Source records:
* * *

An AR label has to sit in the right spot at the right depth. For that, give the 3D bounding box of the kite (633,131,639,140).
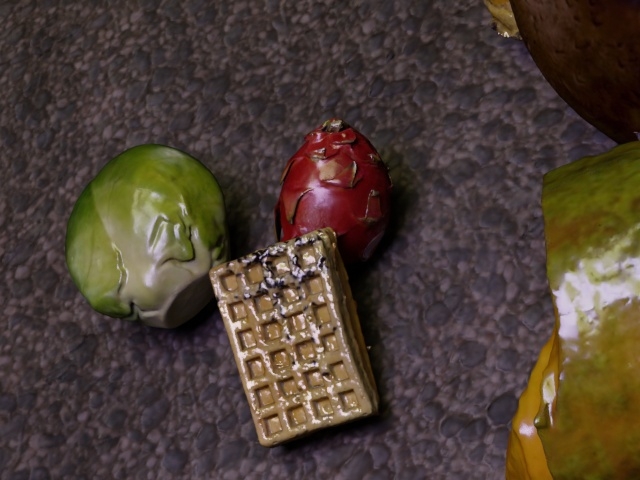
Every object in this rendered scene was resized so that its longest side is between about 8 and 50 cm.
[{"bbox_3d":[0.273,-0.038,1.349,0.011,0.139,0.156,-62,12,-26],"label":"kite"}]

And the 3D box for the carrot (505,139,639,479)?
[{"bbox_3d":[0.235,0.050,1.229,0.340,0.241,0.241,-21,52,17],"label":"carrot"}]

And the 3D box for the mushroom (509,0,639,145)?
[{"bbox_3d":[0.270,-0.220,1.332,0.345,0.239,0.345,1,95,12],"label":"mushroom"}]

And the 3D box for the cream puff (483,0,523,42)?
[{"bbox_3d":[0.178,-0.221,1.523,0.119,0.104,0.133,-24,72,61],"label":"cream puff"}]

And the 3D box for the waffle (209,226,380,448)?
[{"bbox_3d":[-0.018,0.073,1.459,0.102,0.042,0.148,-19,81,21],"label":"waffle"}]

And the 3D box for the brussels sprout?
[{"bbox_3d":[-0.134,-0.003,1.570,0.155,0.117,0.155,-5,80,32],"label":"brussels sprout"}]

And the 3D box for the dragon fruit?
[{"bbox_3d":[0.000,0.000,1.521,0.094,0.094,0.190,31,105,40],"label":"dragon fruit"}]

* * *

Leave out all images, then reproduce the entries above exactly.

An AR label has to sit in the right spot at the right depth. For that, give the 3D bounding box of the kite (633,131,639,140).
Every object in this rendered scene was resized so that its longest side is between about 8 and 50 cm.
[{"bbox_3d":[0.273,-0.038,1.349,0.011,0.139,0.156,-62,12,-26],"label":"kite"}]

And the 3D box for the carrot (505,139,639,479)?
[{"bbox_3d":[0.235,0.050,1.229,0.340,0.241,0.241,-21,52,17],"label":"carrot"}]

And the 3D box for the mushroom (509,0,639,145)?
[{"bbox_3d":[0.270,-0.220,1.332,0.345,0.239,0.345,1,95,12],"label":"mushroom"}]

And the 3D box for the cream puff (483,0,523,42)?
[{"bbox_3d":[0.178,-0.221,1.523,0.119,0.104,0.133,-24,72,61],"label":"cream puff"}]

And the 3D box for the waffle (209,226,380,448)?
[{"bbox_3d":[-0.018,0.073,1.459,0.102,0.042,0.148,-19,81,21],"label":"waffle"}]

And the 3D box for the brussels sprout?
[{"bbox_3d":[-0.134,-0.003,1.570,0.155,0.117,0.155,-5,80,32],"label":"brussels sprout"}]

And the 3D box for the dragon fruit?
[{"bbox_3d":[0.000,0.000,1.521,0.094,0.094,0.190,31,105,40],"label":"dragon fruit"}]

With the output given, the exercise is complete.